Quali sono i limiti e le potenzialità di una casa editrice indipendente?
“Purtroppo i fattori qualitativo ed economico sono inscindibili: se alcuni autori sono molto quotati nel 50% dei casi è perché se lo meritano, e allora lievitano gli anticipi e puoi solo sognarti di ospitare quell’autore nel tuo catalogo. Ma è una questione di compromessi, non c’è nulla di male. Altro limite è la minore visibilità in libreria e la minore esposizione mediatica rispetto ai grandi gruppi editoriali, ma anche lì, è tutto relativamente proporzionale alle dimensioni e al ruolo occupati nel mercato.”

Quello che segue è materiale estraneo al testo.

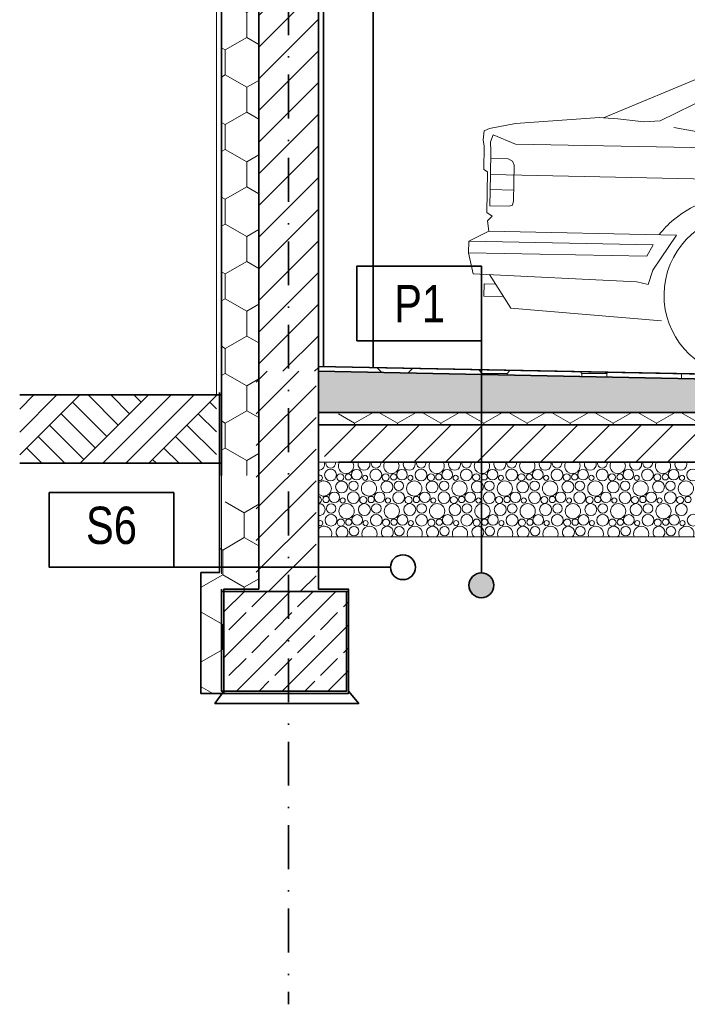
# Model space of a CAD drawing. Header units: millimetres. Extents: x -232602 to -175679, y -119570 to -82350.
# Tile 1 of 36: x -232602 to -229921, y -119570 to -115612. Entities that reach past the tile are written whole.
import ezdxf

# ---------------------------------------------------------------- set-up
doc = ezdxf.new("R2010")
doc.units = ezdxf.units.MM
doc.header["$MEASUREMENT"] = 0
doc.linetypes.add('Kropki i Kreski', pattern=[335.138881, 176.388884, -88.194442, 0, -70.555556])
for name, color, linetype, lineweight in [('Nowe_2D - Rysunki i Obrazki_Nr_pióra__21', 7, 'Continuous', 20), ('Nowe_2D - Rysunki i Obrazki_Nr_pióra__41', 7, 'Continuous', 13), ('Nowe_2D - Rysunki i Obrazki_Nr_pióra__7', 7, 'Continuous', 35)]:
    doc.layers.add(name, color=color, linetype=linetype, lineweight=lineweight)
doc.styles.add('STYL_AUTOMATYCZNY_2', font='arial.ttf', dxfattribs={"width": 0.8})
pattern_1 = [(90, (-239744.38, -117333.68), (-173.205, 0), [100, -200]), (90, (-239830.98, -117183.68), (-173.205, 0), [100, -200]), (150, (-239744.38, -117233.68), (86.6025, 150), [100, -200]), (150, (-239917.58, -117233.68), (86.6025, 150), [100, -200]), (210, (-239744.38, -117333.68), (-86.6025, 150), [100, -200]), (210, (-239917.58, -117333.68), (-86.6025, 150), [100, -200])]
pattern_2 = [(45, (-239744.38, -117333.68), (-63.6396, 63.6396), [])]

msp = doc.modelspace()

# ---------------------------------------------------------------- hatches: boundary and pattern name
at = {"layer": 'Nowe_2D - Rysunki i Obrazki_Nr_pióra__41', "linetype": 'Continuous', "lineweight": 13}
h = msp.add_hatch(dxfattribs=at)
h.set_pattern_fill('Styropian_0001', style=0, pattern_type=2)
h.set_pattern_definition(pattern_1)
h.paths.add_polyline_path([(-231642, -113780.2), (-231792, -113780.2), (-231792, -117444.7), (-231642, -117444.7), (-231642, -113941.9)])
h = msp.add_hatch(dxfattribs=at)
h.set_pattern_fill('BLOCZKI_CERAMICZNE_0001', style=0, pattern_type=2)
h.set_pattern_definition(pattern_2)
h.paths.add_polyline_path([(-231642, -114424.1), (-231642, -117025.3), (-231402, -117025.3), (-231402, -114424.1)])
h = msp.add_hatch(dxfattribs=at)
h.set_pattern_fill('BLOCZKI_CERAMICZNE_0001', style=0, pattern_type=2)
h.set_pattern_definition([(45, (-239754.38, -116643.655), (-63.6396, 63.6396), [])])
h.paths.add_polyline_path([(-231652, -117025.3), (-231652, -117910.3), (-231412, -117910.3), (-231412, -117025.3)])
h = msp.add_hatch(dxfattribs=at)
h.set_pattern_fill('POSADZKA_Z_MOZAIKI_KAMIE_14', style=0, pattern_type=2)
h.set_pattern_definition([(0, (-239744.38, -117333.7), (0, 400), [100, -300]), (0, (-239744.38, -117233.7), (0, 400), [100, -300]), (90, (-239744.38, -117333.7), (-400, 0), [100, -300]), (90, (-239644.38, -117333.7), (-400, 0), [100, -300]), (0, (-239544.38, -117133.7), (0, 400), [100, -300]), (0, (-239544.38, -117033.7), (0, 400), [100, -300]), (90, (-239544.38, -117133.7), (-400, 0), [100, -300]), (90, (-239444.38, -117133.7), (-400, 0), [100, -300]), (45, (-239644.38, -117233.68), (-200, 200), [141.4214, -141.4214]), (315, (-239644.38, -117333.68), (200, 200), [141.4214, -141.4214])])
h.paths.add_polyline_path([(-225662, -117140.3), (-225662, -117120.3), (-231402, -117005.3), (-231402, -117025.3)])
h = msp.add_hatch(dxfattribs=at)
h.set_pattern_fill('BETON_LEKKI_0001', style=0, pattern_type=2)
h.set_pattern_definition([(0, (-239744.38, -117333.7), (0, 389.711), [24.375, -200.625]), (0, (-239631.88, -117138.83), (0, 389.711), [24.375, -200.625]), (60, (-239744.38, -117333.7), (-337.5, 194.856), [24.375, -200.625]), (60, (-239519.38, -117333.7), (-337.5, 194.856), [24.375, -200.625]), (120, (-239720, -117333.7), (337.5, 194.856), [24.375, -200.625]), (120, (-239495, -117333.7), (337.5, 194.856), [24.375, -200.625]), (0, (-239744.38, -117296.18), (0, 75), [0, -75, 0, -112.5]), (45, (-239706.88, -117296.18), (-53.033, 53.033), [0, -56.25, 0, -93.75])])
h.paths.add_polyline_path([(-225662, -117190.3), (-225662, -117140.3), (-231402, -117025.3), (-231402, -117190.3)])
h = msp.add_hatch(dxfattribs=at)
h.set_pattern_fill('Grunt_0001', style=0, pattern_type=2)
h.set_pattern_definition([(45, (-239744.38, -117333.68), (-137.886, 137.886), []), (45, (-239790.34, -117287.72), (-275.772, 275.772), []), (45, (-239836.3, -117241.76), (-275.772, 275.772), []), (135, (-239882.265, -117195.8), (45.96194, 45.96194), [195, -195])])
h.paths.add_polyline_path([(-232602.2, -117120.3), (-232602.2, -117394.7), (-231812, -117394.7), (-231812, -117220.3), (-231812.3, -117220.3), (-231812.3, -117170.3), (-231792, -117170.3), (-231792, -117120.3)])
h = msp.add_hatch(dxfattribs=at)
h.set_pattern_fill('Styropian_0001', style=0, pattern_type=2)
h.set_pattern_definition(pattern_1)
h.paths.add_polyline_path([(-225662, -117240.3), (-225662, -117190.3), (-231322, -117190.3), (-231322, -117240.3)])
h = msp.add_hatch(dxfattribs=at)
h.set_pattern_fill('BLOCZKI_CERAMICZNE_0001', style=0, pattern_type=2)
h.set_pattern_definition(pattern_2)
h.paths.add_polyline_path([(-225662, -117390.3), (-225662, -117240.3), (-231377.3, -117240.3), (-231377.3, -117390.3)])
h = msp.add_hatch(dxfattribs=at)
h.set_pattern_fill('Styropian_0001', style=0, pattern_type=2)
h.set_pattern_definition([(90, (-239754.38, -116643.65), (-173.205, 0), [100, -200]), (90, (-239840.98, -116493.65), (-173.205, 0), [100, -200]), (150, (-239754.38, -116543.65), (86.6025, 150), [100, -200]), (150, (-239927.58, -116543.65), (86.6025, 150), [100, -200]), (210, (-239754.38, -116643.65), (-86.6025, 150), [100, -200]), (210, (-239927.58, -116643.65), (-86.6025, 150), [100, -200])])
h.paths.add_polyline_path([(-231874, -118320.3), (-231782, -118320.3), (-231782, -117910.3), (-231642, -117910.3), (-231642, -117549.3), (-231801.2, -117549.3), (-231801.2, -117833.6), (-231874, -117833.6)])
msp.add_hatch(color=7, dxfattribs=at).paths.add_polyline_path([(-230697.5, -117885.5), (-230701.3, -117866.3), (-230712.1, -117850.1), (-230728.3, -117839.3), (-230747.5, -117835.5), (-230766.6, -117839.3), (-230782.8, -117850.1), (-230793.6, -117866.3), (-230797.5, -117885.5), (-230793.6, -117904.6), (-230782.8, -117920.8), (-230766.6, -117931.7), (-230747.5, -117935.5), (-230728.3, -117931.7), (-230712.1, -117920.8), (-230701.3, -117904.6)])
h = msp.add_hatch(dxfattribs=at)
h.set_pattern_fill('BETON_ZBROJONY_0001', style=0, pattern_type=2)
h.set_pattern_definition([(45, (-231531.96, -118110.3), (-91.924, 91.924), []), (45, (-231577.93, -118064.33), (-91.924, 91.924), [97.5, -32.5])])
h.paths.add_polyline_path([(-231782, -117910.3), (-231282, -117910.3), (-231282, -118310.3), (-231782, -118310.3)])

# ---------------------------------------------------------------- linework, layer by layer
at = {"layer": 'Nowe_2D - Rysunki i Obrazki_Nr_pióra__21', "color": 7, "linetype": 'Continuous', "lineweight": 20}
for p, q in [((-231792, -117839.6), (-231792, -113342)), ((-231812, -117120.3), (-231812, -113808.4))]:
    msp.add_line(p, q, dxfattribs=at)
at = {"layer": 'Nowe_2D - Rysunki i Obrazki_Nr_pióra__41', "color": 7, "linetype": 'Continuous', "lineweight": 13}
for p, q in [((-230256.8, -116005.8), (-229516.6, -115697.4)), ((-229480.1, -115749.4), (-230029.7, -116018.7)), ((-230714.5, -116049.9), (-230610.8, -116029.5)), ((-230610.8, -116029.5), (-230272.8, -116005.5)), ((-230272.8, -116005.5), (-230256.8, -116005.8)), ((-230256.8, -116005.8), (-230199.3, -116010.3)), ((-230094.7, -116022.4), (-230199.3, -116010.3)), ((-230029.7, -116018.7), (-230094.7, -116022.4)), ((-230736.1, -116058.8), (-230740.3, -116094.3)), ((-230714.5, -116049.9), (-230736.1, -116058.8)), ((-230711, -116103.4), (-230700, -116075.1)), ((-230700, -116075.1), (-230610.8, -116111.9)), ((-229736.5, -116089.5), (-229975.3, -116044.7)), ((-230740.3, -116094.3), (-230735.9, -116120.7)), ((-230709.5, -116141.9), (-230711, -116103.4)), ((-230610.8, -116111.9), (-229565.8, -116132.8)), ((-230735.9, -116120.7), (-230737.7, -116214.2)), ((-230711.4, -116234.7), (-230709.5, -116141.9)), ((-230640.4, -116171.3), (-230710.1, -116169.9)), ((-230622.9, -116180.8), (-230640.4, -116171.3)), ((-230615.6, -116196.7), (-230622.9, -116180.8)), ((-230737.7, -116214.2), (-230722.5, -116223.1)), ((-230722.5, -116223.1), (-230725.7, -116386.5)), ((-230711.4, -116234.7), (-230713.9, -116359.5)), ((-229540.1, -116258.2), (-230711.4, -116234.7)), ((-230618.5, -116340.4), (-230615.6, -116196.7)), ((-230712.6, -116294.9), (-230617.7, -116296.9)), ((-230622.2, -116357.5), (-230618.5, -116340.4)), ((-230725.7, -116386.5), (-230704.5, -116401.1)), ((-230713.9, -116359.5), (-230635.8, -116361.1)), ((-230635.8, -116361.1), (-230622.2, -116357.5)), ((-230704.5, -116401.1), (-230723, -116420)), ((-230723, -116420), (-230718.2, -116461.4)), ((-230798.3, -116502.6), (-230718.2, -116461.4)), ((-230718.2, -116461.4), (-229964, -116478.3)), ((-230799.2, -116548.6), (-230798.3, -116502.6)), ((-230798.3, -116502.6), (-230058.1, -116517.5)), ((-229964, -116478.3), (-230059.4, -116618.8)), ((-230781.1, -116632.8), (-230799.2, -116548.6)), ((-230083.5, -116562.9), (-230799.2, -116548.6)), ((-230058.1, -116517.5), (-230083.5, -116562.9)), ((-230083.4, -116562.9), (-230058.1, -116517.5)), ((-230059.4, -116618.8), (-230077.8, -116676.9)), ((-230122.6, -116666), (-230781.1, -116632.8)), ((-230715, -116636.2), (-230629.9, -116771.3)), ((-230077.8, -116676.9), (-230122.6, -116666)), ((-230737, -116673.7), (-230738, -116723.6)), ((-230690.8, -116674.6), (-230737, -116673.7)), ((-230738, -116723.6), (-230658.9, -116725.2)), ((-230629.9, -116771.3), (-230024, -116822.9)), ((-231402, -117390.3), (-225662, -117390.3)), ((-231402, -117690.3), (-225662, -117690.3))]:
    msp.add_line(p, q, dxfattribs=at)
for centre, radius in [((-231353.6, -117441.8), 23.7), ((-231248.5, -117440.7), 21.3), ((-231171.7, -117441.8), 23.7), ((-231066.6, -117440.7), 21.3), ((-230989.9, -117441.8), 23.7), ((-230884.8, -117440.7), 21.3), ((-230808, -117441.8), 23.7), ((-230702.9, -117440.7), 21.3), ((-230626.2, -117441.8), 23.7), ((-230521.1, -117440.7), 21.3), ((-230444.3, -117441.8), 23.7), ((-230339.2, -117440.7), 21.3), ((-230262.5, -117441.8), 23.7), ((-230157.4, -117440.7), 21.3), ((-230080.6, -117441.8), 23.7), ((-229975.5, -117440.7), 21.3), ((-229898.8, -117441.8), 23.7), ((-231314.1, -117451.4), 14.3), ((-231282.2, -117449.6), 12.5), ((-231214.8, -117453.5), 10.3), ((-231132.2, -117451.4), 14.3), ((-231100.3, -117449.6), 12.5), ((-231032.9, -117453.5), 10.3), ((-230950.4, -117451.4), 14.3), ((-230918.5, -117449.6), 12.5), ((-230851.1, -117453.5), 10.3), ((-230768.5, -117451.4), 14.3), ((-230736.6, -117449.6), 12.5), ((-230669.2, -117453.5), 10.3), ((-230586.7, -117451.4), 14.3), ((-230554.8, -117449.6), 12.5), ((-230487.4, -117453.5), 10.3), ((-230404.8, -117451.4), 14.3), ((-230372.9, -117449.6), 12.5), ((-230305.5, -117453.5), 10.3), ((-230223, -117451.4), 14.3), ((-230191, -117449.6), 12.5), ((-230123.7, -117453.5), 10.3), ((-230041.1, -117451.4), 14.3), ((-230009.2, -117449.6), 12.5), ((-229941.8, -117453.5), 10.3), ((-231309.2, -117490.1), 23.9), ((-231261.2, -117485.6), 19.2), ((-231199.2, -117496.3), 30.6), ((-231127.4, -117490.1), 23.9), ((-231079.4, -117485.6), 19.2), ((-231017.3, -117496.3), 30.6), ((-230945.5, -117490.1), 23.9), ((-230897.5, -117485.6), 19.2), ((-230835.5, -117496.3), 30.6), ((-230763.7, -117490.1), 23.9), ((-230715.7, -117485.6), 19.2), ((-230653.6, -117496.3), 30.6), ((-230581.8, -117490.1), 23.9), ((-230533.8, -117485.6), 19.2), ((-230471.8, -117496.3), 30.6), ((-230400, -117490.1), 23.9), ((-230352, -117485.6), 19.2), ((-230289.9, -117496.3), 30.6), ((-230218.1, -117490.1), 23.9), ((-230170.1, -117485.6), 19.2), ((-230108.1, -117496.3), 30.6), ((-230036.3, -117490.1), 23.9), ((-229988.3, -117485.6), 19.2), ((-229926.2, -117496.3), 30.6), ((-231372.2, -117540.6), 12.5), ((-231338.5, -117531.7), 21.3), ((-231304.8, -117544.5), 10.3), ((-231261.7, -117532.8), 23.7), ((-231222.2, -117542.4), 14.3), ((-231190.3, -117540.6), 12.5), ((-231156.6, -117531.7), 21.3), ((-231122.9, -117544.5), 10.3), ((-231079.9, -117532.8), 23.7), ((-231040.4, -117542.4), 14.3), ((-231008.5, -117540.6), 12.5), ((-230974.8, -117531.7), 21.3), ((-230941.1, -117544.5), 10.3), ((-230898, -117532.8), 23.7), ((-230858.5, -117542.4), 14.3), ((-230826.6, -117540.6), 12.5), ((-230792.9, -117531.7), 21.3), ((-230759.2, -117544.5), 10.3), ((-230716.2, -117532.8), 23.7), ((-230676.7, -117542.4), 14.3), ((-230644.8, -117540.6), 12.5), ((-230611.1, -117531.7), 21.3), ((-230577.4, -117544.5), 10.3), ((-230534.3, -117532.8), 23.7), ((-230494.8, -117542.4), 14.3), ((-230462.9, -117540.6), 12.5), ((-230429.2, -117531.7), 21.3), ((-230395.5, -117544.5), 10.3), ((-230352.5, -117532.8), 23.7), ((-230313, -117542.4), 14.3), ((-230281, -117540.6), 12.5), ((-230247.4, -117531.7), 21.3), ((-230213.7, -117544.5), 10.3), ((-230170.6, -117532.8), 23.7), ((-230131.1, -117542.4), 14.3), ((-230099.2, -117540.6), 12.5), ((-230065.5, -117531.7), 21.3), ((-230031.8, -117544.5), 10.3), ((-229988.8, -117532.8), 23.7), ((-229949.3, -117542.4), 14.3), ((-229917.3, -117540.6), 12.5), ((-231351.2, -117576.6), 19.2), ((-231289.2, -117587.3), 30.6), ((-231217.4, -117581.1), 23.9), ((-231169.4, -117576.6), 19.2), ((-231107.3, -117587.3), 30.6), ((-231035.5, -117581.1), 23.9), ((-230987.5, -117576.6), 19.2), ((-230925.5, -117587.3), 30.6), ((-230853.7, -117581.1), 23.9), ((-230805.7, -117576.6), 19.2), ((-230743.6, -117587.3), 30.6), ((-230671.8, -117581.1), 23.9), ((-230623.8, -117576.6), 19.2), ((-230561.8, -117587.3), 30.6), ((-230490, -117581.1), 23.9), ((-230442, -117576.6), 19.2), ((-230379.9, -117587.3), 30.6), ((-230308.1, -117581.1), 23.9), ((-230260.1, -117576.6), 19.2), ((-230198.1, -117587.3), 30.6), ((-230126.3, -117581.1), 23.9), ((-230078.3, -117576.6), 19.2), ((-230016.2, -117587.3), 30.6), ((-229944.4, -117581.1), 23.9), ((-231351.7, -117623.8), 23.7), ((-231312.2, -117633.4), 14.3), ((-231280.3, -117631.6), 12.5), ((-231246.6, -117622.7), 21.3), ((-231169.9, -117623.8), 23.7), ((-231130.4, -117633.4), 14.3), ((-231098.5, -117631.6), 12.5), ((-231064.8, -117622.7), 21.3), ((-230988, -117623.8), 23.7), ((-230948.5, -117633.4), 14.3), ((-230916.6, -117631.6), 12.5), ((-230882.9, -117622.7), 21.3), ((-230806.2, -117623.8), 23.7), ((-230766.7, -117633.4), 14.3), ((-230734.8, -117631.6), 12.5), ((-230701.1, -117622.7), 21.3), ((-230624.3, -117623.8), 23.7), ((-230584.8, -117633.4), 14.3), ((-230552.9, -117631.6), 12.5), ((-230519.2, -117622.7), 21.3), ((-230442.5, -117623.8), 23.7), ((-230403, -117633.4), 14.3), ((-230371, -117631.6), 12.5), ((-230337.4, -117622.7), 21.3), ((-230260.6, -117623.8), 23.7), ((-230221.1, -117633.4), 14.3), ((-230189.2, -117631.6), 12.5), ((-230155.5, -117622.7), 21.3), ((-230078.8, -117623.8), 23.7), ((-230039.3, -117633.4), 14.3), ((-230007.3, -117631.6), 12.5), ((-229973.6, -117622.7), 21.3), ((-229896.9, -117623.8), 23.7), ((-231259.4, -117667.6), 19.2), ((-231212.9, -117635.5), 10.3), ((-231077.5, -117667.6), 19.2), ((-231031.1, -117635.5), 10.3), ((-230895.7, -117667.6), 19.2), ((-230849.2, -117635.5), 10.3), ((-230713.8, -117667.6), 19.2), ((-230667.4, -117635.5), 10.3), ((-230532, -117667.6), 19.2), ((-230485.5, -117635.5), 10.3), ((-230350.1, -117667.6), 19.2), ((-230303.7, -117635.5), 10.3), ((-230168.3, -117667.6), 19.2), ((-230121.8, -117635.5), 10.3), ((-229986.4, -117667.6), 19.2), ((-229940, -117635.5), 10.3)]:
    msp.add_circle(centre, radius, dxfattribs=at)
for centre, radius, start, end in [((-229695.5, -116751.8), 437, 108.0041, 129.9647), ((-229711.3, -116733), 412.5, 129.9533, 141.4223), ((-229689.1, -116719.7), 325, 279.0719, 258.6326), ((-231401.1, -117399.1), 23.9, 267.9313, 21.5529), ((-231353.1, -117394.7), 19.2, 166.879, 13.121), ((-231291, -117405.3), 30.6, 150.6718, 29.3282), ((-231219.2, -117399.1), 23.9, 158.4471, 21.5529), ((-231171.2, -117394.7), 19.2, 166.879, 13.121), ((-231109.2, -117405.3), 30.6, 150.6718, 29.3282), ((-231037.4, -117399.1), 23.9, 158.4471, 21.5529), ((-230989.4, -117394.7), 19.2, 166.879, 13.121), ((-230927.3, -117405.3), 30.6, 150.6718, 29.3282), ((-230855.5, -117399.1), 23.9, 158.4471, 21.5529), ((-230807.5, -117394.7), 19.2, 166.879, 13.121), ((-230745.5, -117405.3), 30.6, 150.6718, 29.3282), ((-230673.7, -117399.1), 23.9, 158.4471, 21.5529), ((-230625.7, -117394.7), 19.2, 166.879, 13.121), ((-230563.6, -117405.3), 30.6, 150.6718, 29.3282), ((-230491.8, -117399.1), 23.9, 158.4471, 21.5529), ((-230443.8, -117394.7), 19.2, 166.879, 13.121), ((-230381.8, -117405.3), 30.6, 150.6718, 29.3282), ((-230310, -117399.1), 23.9, 158.4471, 21.5529), ((-230262, -117394.7), 19.2, 166.879, 13.121), ((-230199.9, -117405.3), 30.6, 150.6718, 29.3282), ((-230128.1, -117399.1), 23.9, 158.4471, 21.5529), ((-230080.1, -117394.7), 19.2, 166.879, 13.121), ((-230018.1, -117405.3), 30.6, 150.6718, 29.3282), ((-229946.3, -117399.1), 23.9, 158.4471, 21.5529), ((-231396.6, -117453.5), 10.3, 239.0499, 120.9501), ((-231381, -117496.3), 30.6, 226.8489, 133.1511), ((-231404.1, -117542.4), 14.3, 278.514, 81.486), ((-231399.2, -117581.1), 23.9, 263.4646, 96.5354), ((-231394.8, -117635.5), 10.3, 226.0836, 133.9164), ((-231379.2, -117678.3), 30.6, 336.8872, 138.1157), ((-231307.4, -117672.1), 23.9, 310.1098, 229.8902), ((-231197.3, -117678.3), 30.6, 336.8872, 203.1128), ((-231125.5, -117672.1), 23.9, 310.1098, 229.8902), ((-231015.5, -117678.3), 30.6, 336.8872, 203.1128), ((-230943.7, -117672.1), 23.9, 310.1098, 229.8902), ((-230833.6, -117678.3), 30.6, 336.8872, 203.1128), ((-230761.8, -117672.1), 23.9, 310.1098, 229.8902), ((-230651.8, -117678.3), 30.6, 336.8872, 203.1128), ((-230580, -117672.1), 23.9, 310.1098, 229.8902), ((-230469.9, -117678.3), 30.6, 336.8872, 203.1128), ((-230398.1, -117672.1), 23.9, 310.1098, 229.8902), ((-230288.1, -117678.3), 30.6, 336.8872, 203.1128), ((-230216.3, -117672.1), 23.9, 310.1098, 229.8902), ((-230106.2, -117678.3), 30.6, 336.8872, 203.1128), ((-230034.4, -117672.1), 23.9, 310.1098, 229.8902), ((-229924.3, -117678.3), 30.6, 336.8872, 203.1128)]:
    msp.add_arc(centre, radius, start, end, dxfattribs=at)
at = {"layer": 'Nowe_2D - Rysunki i Obrazki_Nr_pióra__7', "color": 7, "linetype": 'Continuous', "lineweight": 35}
for p, q in [((-231642, -117549.3), (-231642, -113711)), ((-231792, -117444.7), (-231792, -113908.3)), ((-231642, -117444.7), (-231642, -113941.9)), ((-231402, -117444.7), (-231402, -114320.3)), ((-231402, -117549.3), (-231402, -114320.3)), ((-231382, -117005.7), (-231382, -114340.2)), ((-231182, -114340.2), (-231182, -117009.7)), ((-231402, -117005.3), (-225662, -117120.3)), ((-231402, -117025.3), (-225662, -117140.3)), ((-231402, -117025.3), (-225662, -117140.3)), ((-231402, -117025.3), (-225662, -117140.3)), ((-231402, -117190.3), (-225662, -117190.3)), ((-231322, -117190.3), (-225662, -117190.3)), ((-231402, -117240.3), (-225662, -117240.3)), ((-231322, -117240.3), (-225662, -117240.3)), ((-232602.2, -117394.7), (-231792, -117394.7)), ((-231322, -117390.3), (-225662, -117390.3)), ((-231792, -117910.3), (-231792, -117900.3)), ((-231792, -117910.3), (-231792, -117900.3))]:
    msp.add_line(p, q, dxfattribs=at)
at = {"layer": 'Nowe_2D - Rysunki i Obrazki_Nr_pióra__7', "color": 7, "linetype": 'Kropki i Kreski', "lineweight": 35, "flags": 128}
msp.add_lwpolyline([(-231522, -112815.2), (-231522, -119569.6)], dxfattribs=at)
at = {"layer": 'Nowe_2D - Rysunki i Obrazki_Nr_pióra__7', "color": 7, "linetype": 'Continuous', "lineweight": 35, "flags": 128}
for points in [[(-230747.5, -117835.5), (-230747.5, -116902.3), (-231247.5, -116902.3), (-231247.5, -116652.3), (-231247.5, -116602.3), (-230747.5, -116602.3), (-230747.5, -116902.3)], [(-231402, -117120.3), (-231402, -117005.3), (-225642, -117120.3)], [(-231792, -117120.3), (-232602.2, -117120.3)], [(-231799.4, -117110.1), (-231799.4, -117833.6), (-231874, -117833.6)], [(-231112.9, -117812.7), (-231983.3, -117812.7), (-232483.3, -117812.7), (-232483.3, -117562.7), (-232483.3, -117512.7), (-231983.3, -117512.7), (-231983.3, -117812.7)], [(-231402, -117549.3), (-231402, -117900.3), (-231282, -117900.3), (-231282, -118320.3), (-231782, -118320.3), (-231782, -117900.3), (-231642, -117900.3), (-231642, -117549.3)], [(-231874, -117833.6), (-231874, -118320.3), (-231782, -118320.3)], [(-231652, -117910.3), (-231412, -117910.3), (-231289.1, -117910.3), (-231289.1, -118310.3), (-231412, -118310.3), (-231652, -118310.3), (-231792, -118310.3), (-231792, -117910.3), (-231282, -117910.3)], [(-231782, -118310.3), (-231817.9, -118360.3), (-231240, -118360.3), (-231282, -118310.3)]]:
    msp.add_lwpolyline(points, dxfattribs=at)
at = {"layer": 'Nowe_2D - Rysunki i Obrazki_Nr_pióra__7', "color": 7, "linetype": 'Continuous', "lineweight": 35}
for centre in [(-231062.9, -117812.7), (-230747.5, -117885.5)]:
    msp.add_circle(centre, 50, dxfattribs=at)

# ---------------------------------------------------------------- texts
at = {"layer": 'Nowe_2D - Rysunki i Obrazki_Nr_pióra__41', "color": 7, "linetype": 'Continuous', "lineweight": 13, "char_height": 150, "attachment_point": 7, "style": 'STYL_AUTOMATYCZNY_2'}
for s, insert in [('\\A1;{\\pql;\\fArial|b0|i0|c238|p0;\\W0.800000;P1}', (-231098.1, -116828)), ('\\A1;{\\pql;\\fArial|b0|i0|c238|p0;\\W0.800000;S6}', (-232336.2, -117721.4))]:
    msp.add_mtext(s, dxfattribs=dict(at, insert=insert))

doc.saveas('drawing.dxf')

Cartaceo e/o e-Book: qual è la posizione della casa editrice?
“Cartaceo e e-Book sono due supporti diversi, non necessariamente in competizione. Convivono già ottimamente. C’è chi ama l’uno, c’è chi ama l’altro. Certo che “l’equilibrio” tra i due supporti deve ancora trovare il suo baricentro. Nel frattempo su BookRepublic e altrove si possono trovare i nostri e-Book.”

Quali sono le novità e i progetti in arrivo?
“Siamo pieni di novità. Innanzitutto il nostro piano editoriale annuale, che finora è stato piuttosto snello, si irrobustirà esponenzialmente in termini di numero di uscite. Poi, oltre a seguire la linea dello scouting di giovanissimi autori sudamericani, ci stiamo aprendo all’Est Europa e agli emergenti italiani. Terza branca della casa editrice, la saggistica, al momento specializzata in diritti delle donne, ma pronta ad affrontare panoramiche più ampie.”